Набоков пишет свою одиннадцатую главку в “Память, говори!” только по-английски, в вариант его русских мемуаров она не входит. На первом месте этой главки, называющейся “Первое стихотворение”, стоит рассказ об обезьянке, что вполне объяснимо, поскольку весь текст посвящен ребяческой подражательности. Самое увлекательное в этом отрывке – угол зрения. Впавший в стихотворный транс подросток находит себя лежащим то на диване, то на старых мостках, то на скамье, то на ветке. Наконец ему удается зафиксировать точку зрения: “В этих разнообразных состояниях до меня доходили разнообразные звуки. Это мог быть обеденный гонг или что-нибудь менее обычное, вроде противных звуков шарманки. Где-то у конюшен старый бродяга вертел ручку шарманки, и опираясь на более непосредственные впечатления, впитанные в ранние годы, я мог его представить, оставаясь на своем насесте. На передней стенке инструмента были нарисованы всякие балканские крестьяне, танцующие среди пальмообразных ив. Время от времени шарманщик менял руку. Я видел кофту и юбку его маленькой лысой обезьянки, ее воротник, свежую рану у нее на шее, цепь, за которую она хваталась всякий раз, когда хозяин дергал, делая ей больно. Я видел несколько слуг, они стояли вокруг, глазея, скалясь, – простые люди, ужасно потешавшиеся над обезьяньими ужимками. Только вчера неподалеку от того места, где я все это записываю, я столкнулся с фермером и его сыном (похожим на тех живых, здоровых детей, которых можно увидеть на рекламе кукурузных хлопьев для завтрака) – они так же забавлялись, глядя, как молодой кот мучил детеныша бурундучка – давал тому пробежать несколько дюймов и потом снова на него набрасывался. Бурундучок почти полностью лишился хвоста, обрывок кровоточил. Не в силах спастись бегством, затравленный малыш прибег к последнему средству: он остановился и лег на бок, чтобы слиться с игрой света и тени на земле, но вздымавшийся слишком бурно бочок выдал его.
Наступление вечера привело в действие семейный граммофон – еще одну музыкальную машину, звуки которой проникали сквозь мое стихотворение.

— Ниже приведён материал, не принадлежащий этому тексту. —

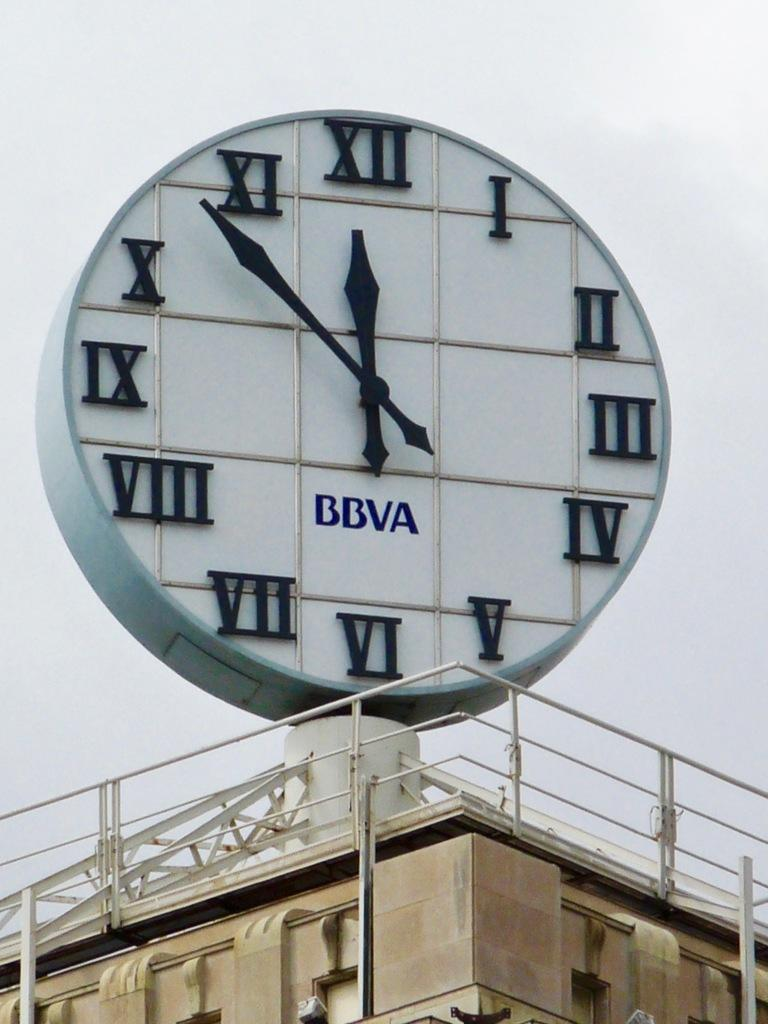<image>
Give a short and clear explanation of the subsequent image. Large clock with roman numerals and BBVA in blue letters. 
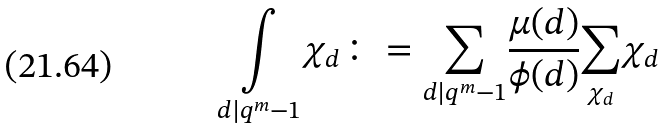Convert formula to latex. <formula><loc_0><loc_0><loc_500><loc_500>\underset { d | q ^ { m } - 1 } { \int } \chi _ { d } \colon = \underset { d | q ^ { m } - 1 } { \sum } \frac { \mu ( d ) } { \phi ( d ) } \underset { \chi _ { d } } { \sum } \chi _ { d }</formula> 
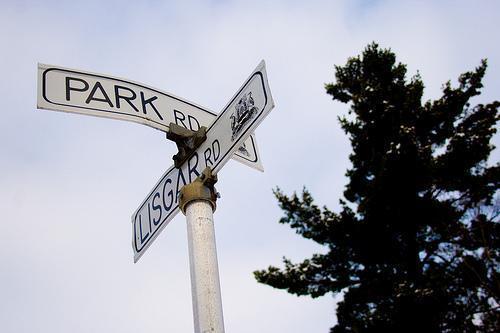How many signs?
Give a very brief answer. 2. How many PARK RD signs?
Give a very brief answer. 1. 
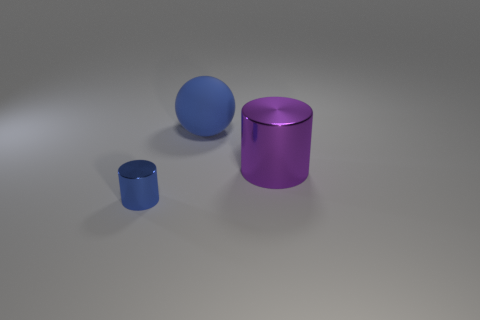There is a thing that is the same color as the ball; what is its material?
Your answer should be compact. Metal. How many objects are either tiny metallic objects or things on the right side of the tiny blue cylinder?
Your response must be concise. 3. How many purple cylinders are to the right of the metallic cylinder that is behind the metal cylinder that is on the left side of the large cylinder?
Ensure brevity in your answer.  0. There is a sphere that is the same size as the purple object; what material is it?
Offer a very short reply. Rubber. Are there any matte objects that have the same size as the purple metal cylinder?
Ensure brevity in your answer.  Yes. The sphere has what color?
Offer a terse response. Blue. What color is the cylinder that is on the right side of the blue object left of the large blue matte object?
Provide a succinct answer. Purple. What is the shape of the big object that is behind the cylinder on the right side of the shiny thing on the left side of the purple shiny thing?
Your response must be concise. Sphere. How many other purple cylinders have the same material as the small cylinder?
Your answer should be compact. 1. What number of big blue things are in front of the cylinder that is in front of the big metal cylinder?
Your response must be concise. 0. 
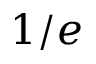Convert formula to latex. <formula><loc_0><loc_0><loc_500><loc_500>1 / e</formula> 
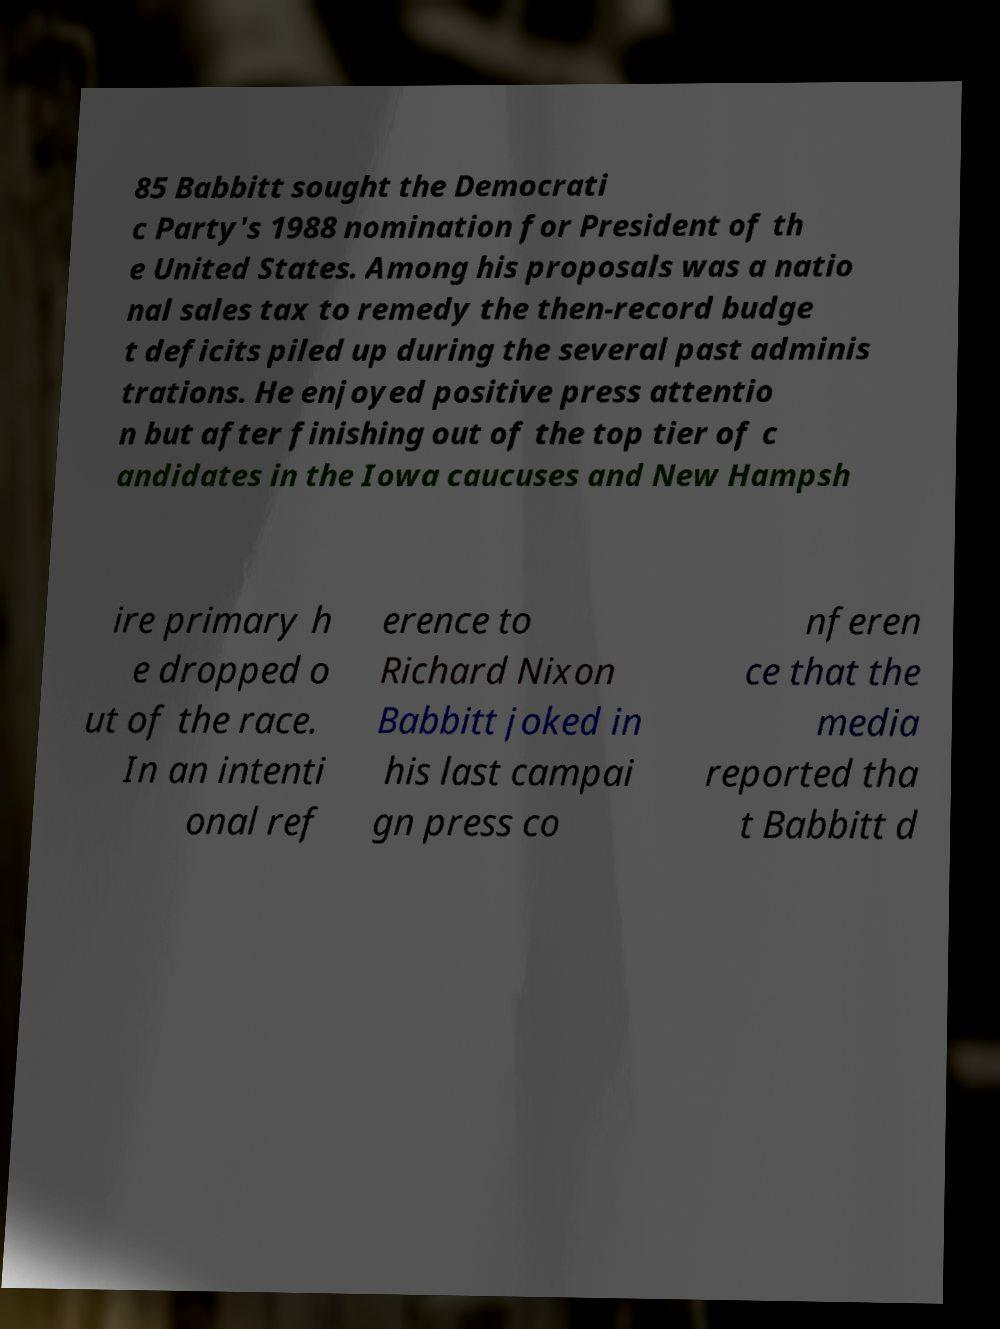Could you assist in decoding the text presented in this image and type it out clearly? 85 Babbitt sought the Democrati c Party's 1988 nomination for President of th e United States. Among his proposals was a natio nal sales tax to remedy the then-record budge t deficits piled up during the several past adminis trations. He enjoyed positive press attentio n but after finishing out of the top tier of c andidates in the Iowa caucuses and New Hampsh ire primary h e dropped o ut of the race. In an intenti onal ref erence to Richard Nixon Babbitt joked in his last campai gn press co nferen ce that the media reported tha t Babbitt d 
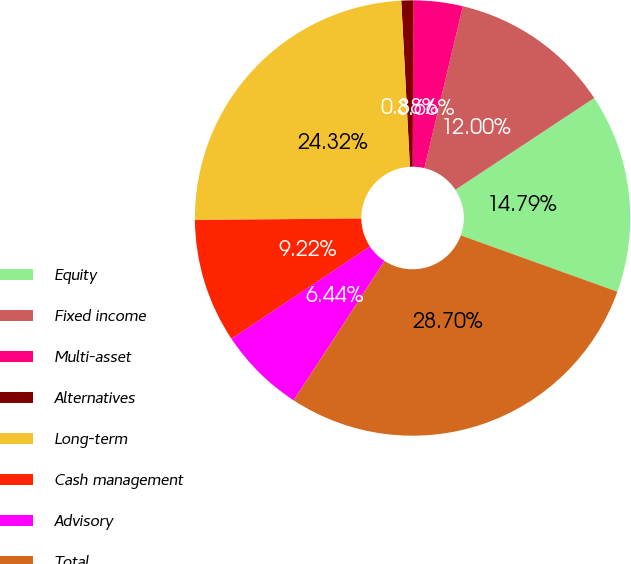Convert chart to OTSL. <chart><loc_0><loc_0><loc_500><loc_500><pie_chart><fcel>Equity<fcel>Fixed income<fcel>Multi-asset<fcel>Alternatives<fcel>Long-term<fcel>Cash management<fcel>Advisory<fcel>Total<nl><fcel>14.79%<fcel>12.0%<fcel>3.66%<fcel>0.88%<fcel>24.32%<fcel>9.22%<fcel>6.44%<fcel>28.7%<nl></chart> 
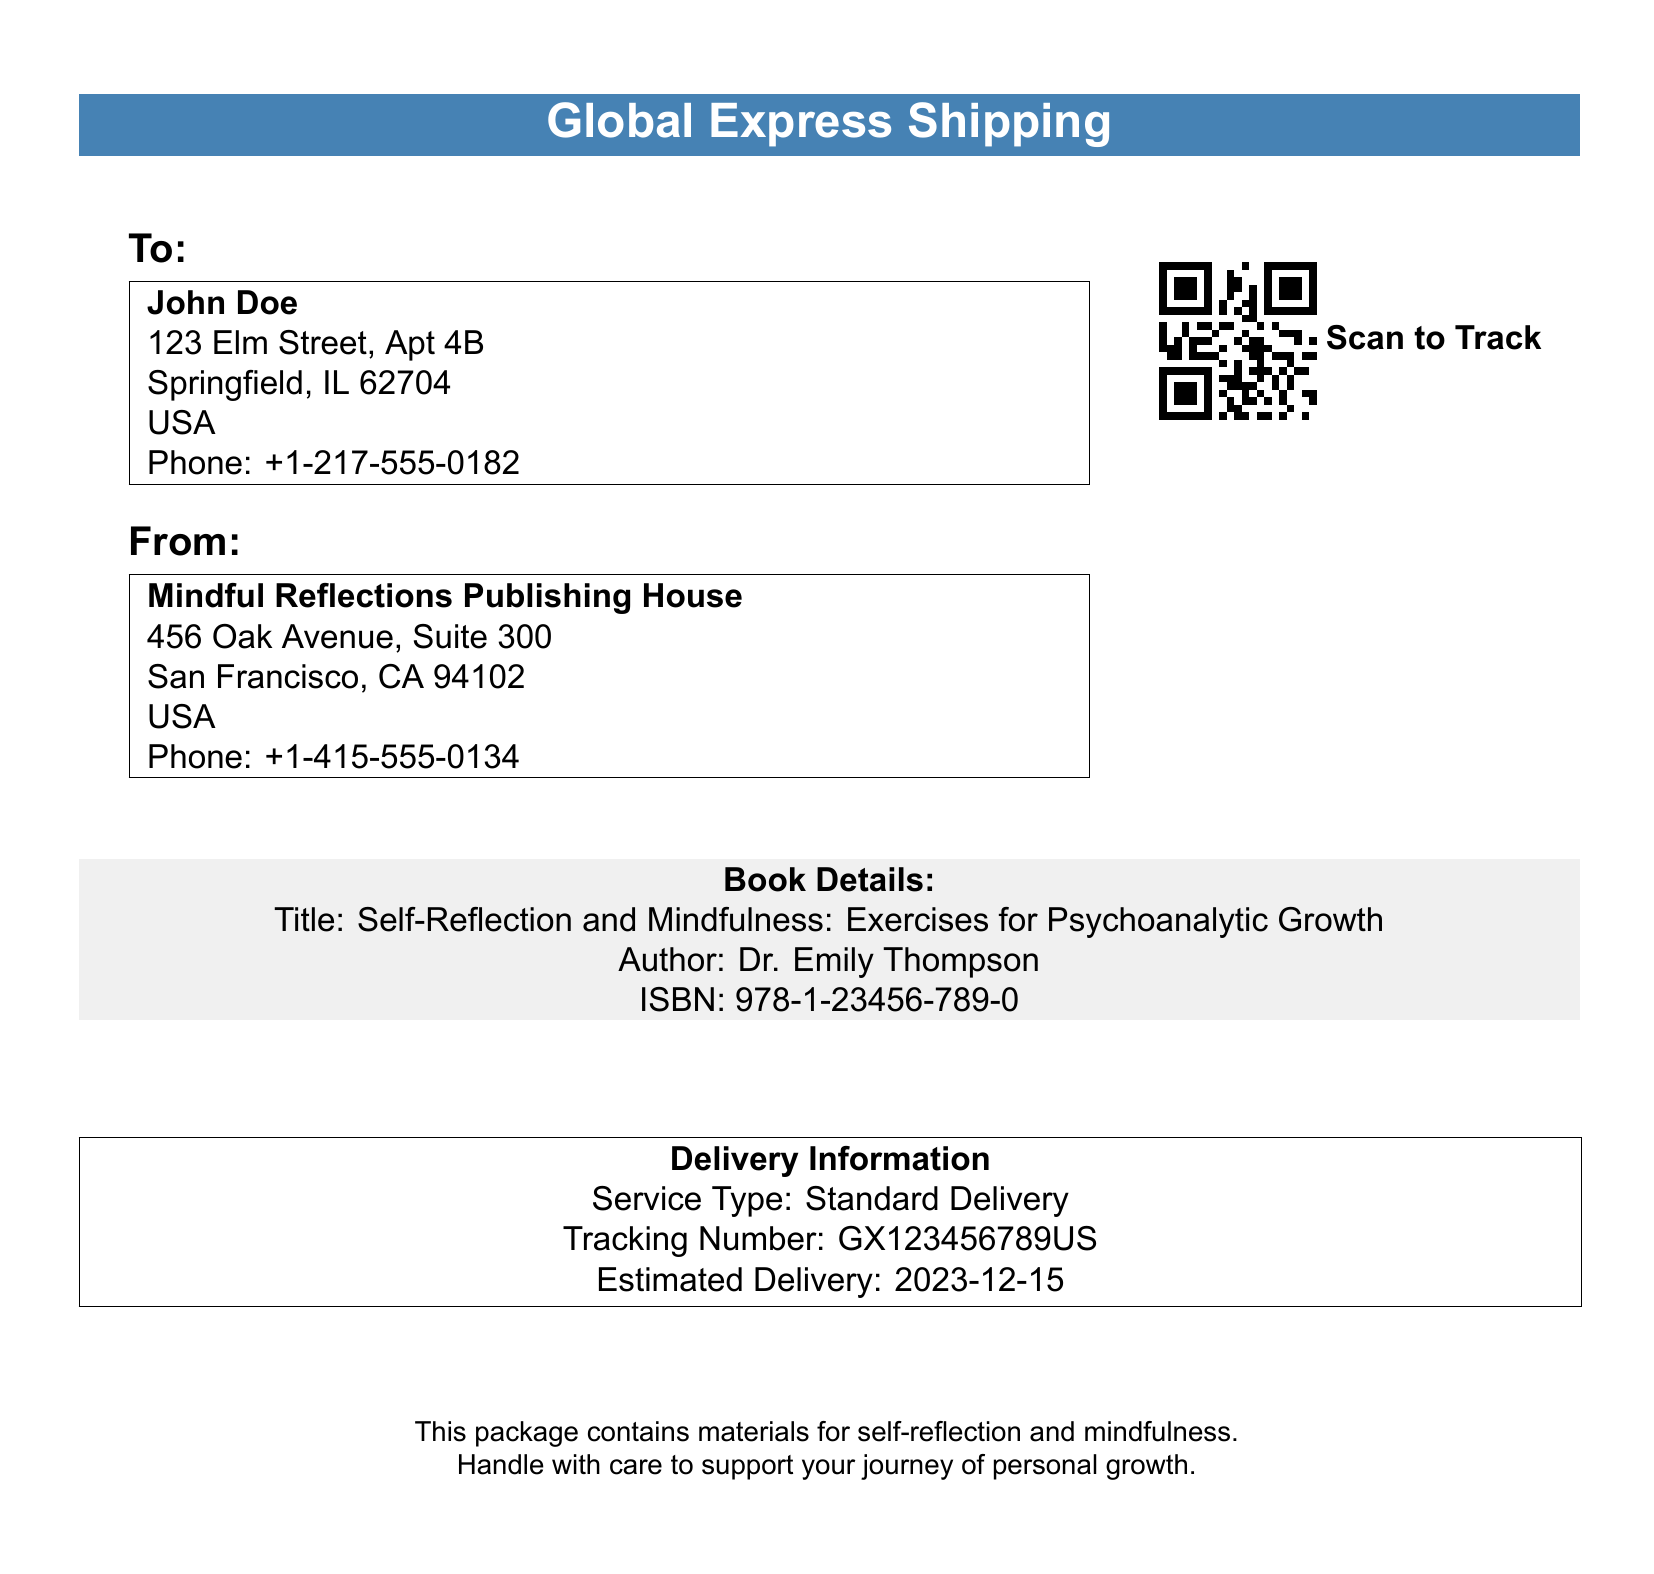What is the recipient's name? The recipient's name is found in the "To" section of the document, which lists "John Doe."
Answer: John Doe What is the sender's phone number? The sender's phone number is mentioned in the "From" section of the document as "+1-415-555-0134."
Answer: +1-415-555-0134 What is the estimated delivery date? The estimated delivery date is specified in the "Delivery Information" section of the document as "2023-12-15."
Answer: 2023-12-15 What is the title of the book included in the package? The title of the book is detailed in the "Book Details" section as "Self-Reflection and Mindfulness: Exercises for Psychoanalytic Growth."
Answer: Self-Reflection and Mindfulness: Exercises for Psychoanalytic Growth What service type is used for delivery? The service type for delivery is specified in the "Delivery Information" section as "Standard Delivery."
Answer: Standard Delivery How many different phone numbers are provided in the document? The document contains two phone numbers, one for the recipient and one for the sender.
Answer: 2 What is the tracking number for this shipment? The tracking number is listed in the "Delivery Information" section as "GX123456789US."
Answer: GX123456789US Who is the author of the book? The author's name is provided in the "Book Details" section as "Dr. Emily Thompson."
Answer: Dr. Emily Thompson

На веранде, где собрались наши друзья и родственники, из его медной пасти вырывались так называемые tsiganskie romansi, обожаемые моим поколением. Это были более или менее безымянные подражания цыганским песням – или же подражания таким подражаниям. Их цыганская сущность состояла в низком монотонном стоне, прерываемом подобием икоты – так разрывалось пронзенное любовью сердце. Лучшие из них вызывали ту пронзительную ноту, что иногда дрожит в стихах настоящих поэтов (я думаю прежде всего об Александре Блоке). Худшие можно скорее уподобить той ерунде в стиле апаш, которую сочиняют нестрогие деятели литературы и декламируют коренастые дамы в парижских ночных клубах. Их природная среда характеризовалась рыдающими соловьями, цветущими лилиями и аллеями шепчущих дерев, украшением парков мелкопоместного дворянства. Соловьи заливались, в то время как в сосновой роще заходящее солнце проводило на стволах огненно-красные полоски.